Records from a data source:
• • • • • • •

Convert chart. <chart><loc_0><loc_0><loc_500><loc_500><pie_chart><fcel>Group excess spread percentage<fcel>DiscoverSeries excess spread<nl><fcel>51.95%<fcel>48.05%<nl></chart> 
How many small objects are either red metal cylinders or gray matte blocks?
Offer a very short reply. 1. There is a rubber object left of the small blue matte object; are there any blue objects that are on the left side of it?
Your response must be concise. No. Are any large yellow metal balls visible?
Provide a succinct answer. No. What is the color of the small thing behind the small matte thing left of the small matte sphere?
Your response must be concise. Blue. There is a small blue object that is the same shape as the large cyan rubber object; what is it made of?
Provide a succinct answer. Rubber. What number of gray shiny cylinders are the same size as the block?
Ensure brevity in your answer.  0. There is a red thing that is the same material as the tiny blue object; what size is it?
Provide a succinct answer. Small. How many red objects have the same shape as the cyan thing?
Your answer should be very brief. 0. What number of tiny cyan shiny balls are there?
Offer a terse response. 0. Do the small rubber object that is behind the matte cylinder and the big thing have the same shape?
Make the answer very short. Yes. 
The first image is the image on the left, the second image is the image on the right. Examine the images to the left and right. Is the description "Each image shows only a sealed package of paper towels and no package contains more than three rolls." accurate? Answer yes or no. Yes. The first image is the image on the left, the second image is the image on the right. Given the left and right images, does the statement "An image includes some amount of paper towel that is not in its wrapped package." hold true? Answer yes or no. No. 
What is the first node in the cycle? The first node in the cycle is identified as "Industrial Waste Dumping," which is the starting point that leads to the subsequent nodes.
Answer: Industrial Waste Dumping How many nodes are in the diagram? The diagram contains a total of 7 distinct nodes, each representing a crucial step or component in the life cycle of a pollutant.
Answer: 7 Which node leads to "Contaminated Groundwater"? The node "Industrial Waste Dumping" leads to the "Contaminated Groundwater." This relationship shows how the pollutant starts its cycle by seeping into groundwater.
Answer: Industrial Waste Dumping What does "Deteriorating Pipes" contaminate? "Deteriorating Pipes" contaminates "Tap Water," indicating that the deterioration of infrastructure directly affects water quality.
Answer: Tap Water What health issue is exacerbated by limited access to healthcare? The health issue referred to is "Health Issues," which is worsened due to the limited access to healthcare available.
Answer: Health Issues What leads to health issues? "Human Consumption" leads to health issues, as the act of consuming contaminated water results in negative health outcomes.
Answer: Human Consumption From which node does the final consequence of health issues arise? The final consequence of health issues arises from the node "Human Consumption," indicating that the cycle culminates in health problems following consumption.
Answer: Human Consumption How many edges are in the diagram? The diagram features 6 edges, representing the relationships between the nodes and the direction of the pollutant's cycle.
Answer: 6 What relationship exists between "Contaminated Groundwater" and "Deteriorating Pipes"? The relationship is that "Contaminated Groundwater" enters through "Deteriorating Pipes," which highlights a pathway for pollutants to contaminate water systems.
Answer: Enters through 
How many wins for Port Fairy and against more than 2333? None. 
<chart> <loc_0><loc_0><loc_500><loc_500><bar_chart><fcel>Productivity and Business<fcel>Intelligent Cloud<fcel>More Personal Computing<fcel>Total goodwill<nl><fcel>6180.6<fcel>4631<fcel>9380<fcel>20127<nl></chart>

• • • • • • •

▸ TASK OBJECTIVE
Using the data above, print exactly the lines from the line that contains "What is the first" through the line that contains "Answer: 7 Which", with both included.

▸ RESPONSE AREA
What is the first node in the cycle? The first node in the cycle is identified as "Industrial Waste Dumping," which is the starting point that leads to the subsequent nodes.
Answer: Industrial Waste Dumping How many nodes are in the diagram? The diagram contains a total of 7 distinct nodes, each representing a crucial step or component in the life cycle of a pollutant.
Answer: 7 Which node leads to "Contaminated Groundwater"? The node "Industrial Waste Dumping" leads to the "Contaminated Groundwater." This relationship shows how the pollutant starts its cycle by seeping into groundwater.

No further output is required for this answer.